Lansoprol capsules 30 mg No. 28




Pharmacological properties
Lansoprazole inhibits the activity of the proton pump H+/K+-ATPase in the parietal cells of the gastric mucosa. Thus, lansoprazole inhibits the final stage of gastric acid formation, reduces the amount and acidity of gastric juice, as a result of which its harmful effects on the mucous membrane are reduced.
The degree of inhibition is determined by the dose and duration of treatment. Even a single dose of 30 mg of lansoprazole inhibits gastric acid secretion by 70-90%. The effect occurs within 1 or 2 hours and lasts for 24 hours.
Lansoprazole is absorbed in the intestine. In healthy patients, when taking 30 mg of lansoprazole, C max in blood plasma is 0.75-1.15 mg/l and is achieved within 1.5-2 hours. C max in blood plasma and bioavailability depend on the individual characteristics of the patient and do not change depending on the frequency of taking the drug.

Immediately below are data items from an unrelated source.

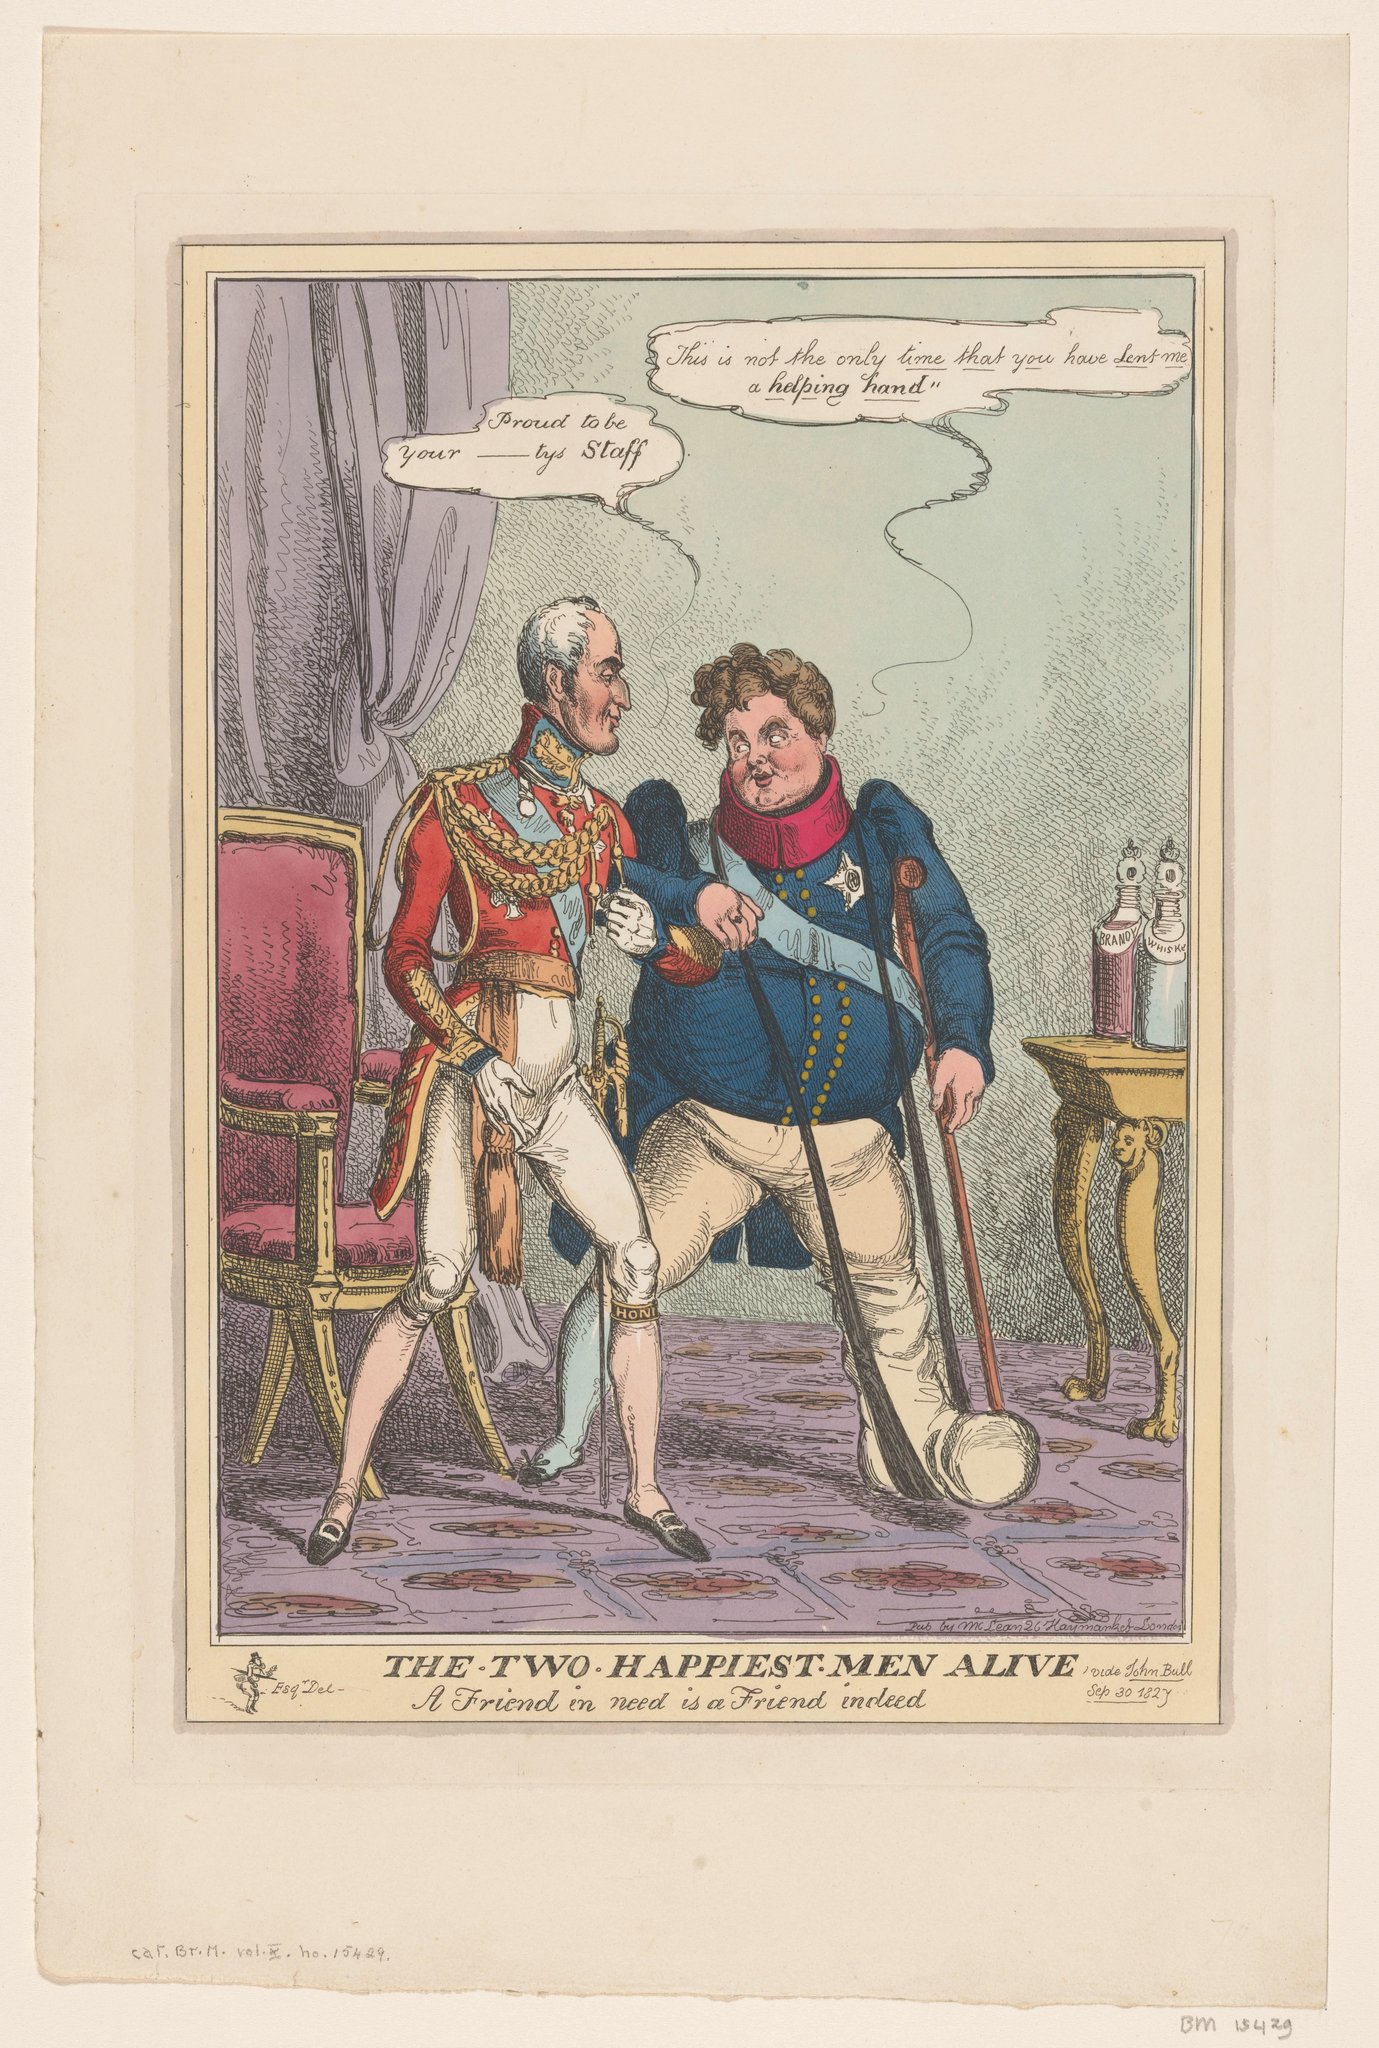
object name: cartoon
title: George IV en de hertog van Wellington
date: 1827
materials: paper
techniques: etching, hand coloring
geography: england
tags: walmer castle, arthur wellesley of wellington, george iv (koning van het verenigd koninkrijk), crutches, treatment by immobilization, sling, splint, plaster, etc., political caricatures and satires
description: Spotprent op de dankbaarheid van koning George IV aan de hertog van Wellington toen hij in 1827 een nieuwe post accepteerde op een nieuwe ministerie. De hertog ondersteunt de koning die met een been in het gips loopt.
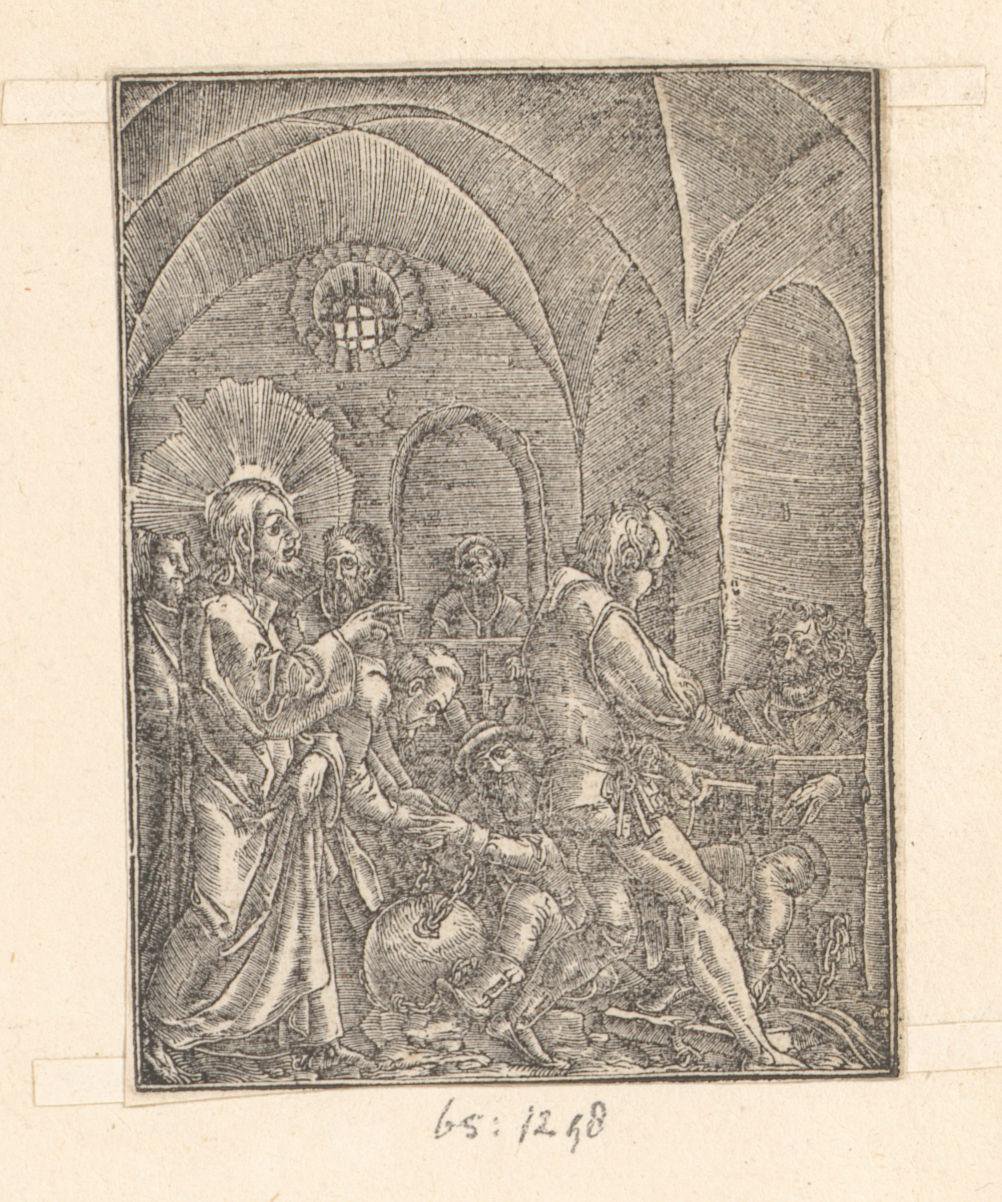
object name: album leaf
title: Christus bevrijdt gevangenen
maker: monogrammist cv
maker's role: print maker
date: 1523
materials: paper
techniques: metal cut
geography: germany
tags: visiting or liberating the imprisoned, 'incarceratus solatur' ~ one of the (seven) acts of mercy - vv - christ present, 'and forgive us our debts, as we also have forgiven our debtors' ~ the lord's prayer
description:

The binding of the drug to blood plasma proteins is 98%.
Lansoprazole is excreted from the body with bile and urine (only in the form of metabolites - lansoprazole sulfone and hydroxyl lansoprazole), with 21% of the dose of the drug excreted in the urine per day. T ½ is 1.5 hours.
T½ increases in patients with severe hepatic impairment and in patients over 69 years of age. In patients with renal impairment, the absorption of lansoprazole is practically unchanged.
Indication
Gastric and duodenal ulcers, including those associated with the use of nonsteroidal anti-inflammatory drugs, gastroesophageal reflux disease, Zollinger-Ellison syndrome, for the eradication of Helicobacter pylori (in combination with antibiotics).
Application
Adults take orally. Usually the dose is 30 mg once a day 30-40 minutes before meals, the capsules are taken whole without chewing, with 15-200 mg of water. If this is not possible, the capsule can be opened and its contents dissolved in a small amount of apple juice (approximately 1 full spoon) and swallowed immediately, without chewing. The same procedure must be performed if the drug is administered through a nasogastric tube.
The dosage and duration of treatment are decided by the doctor depending on the clinical situation and the nature of the disease.
The maximum daily dose is 60 mg; for patients with impaired liver function - 30 mg. In patients with Zollinger-Ellison syndrome, doses may be increased.
If it is necessary to take 2 daily doses, the patient should take one before breakfast and the second before dinner.
If the patient misses a dose, he should take it as soon as possible. If it is almost time for the next dose, the patient should not take a double dose.
Duodenal ulcer: The dose for the treatment of an active ulcer is 30 mg once daily for 2-4 weeks.
The dose for the treatment of ulcers caused by taking nonsteroidal anti-inflammatory drugs is 30 mg once a day. The duration of treatment is 4-8 weeks.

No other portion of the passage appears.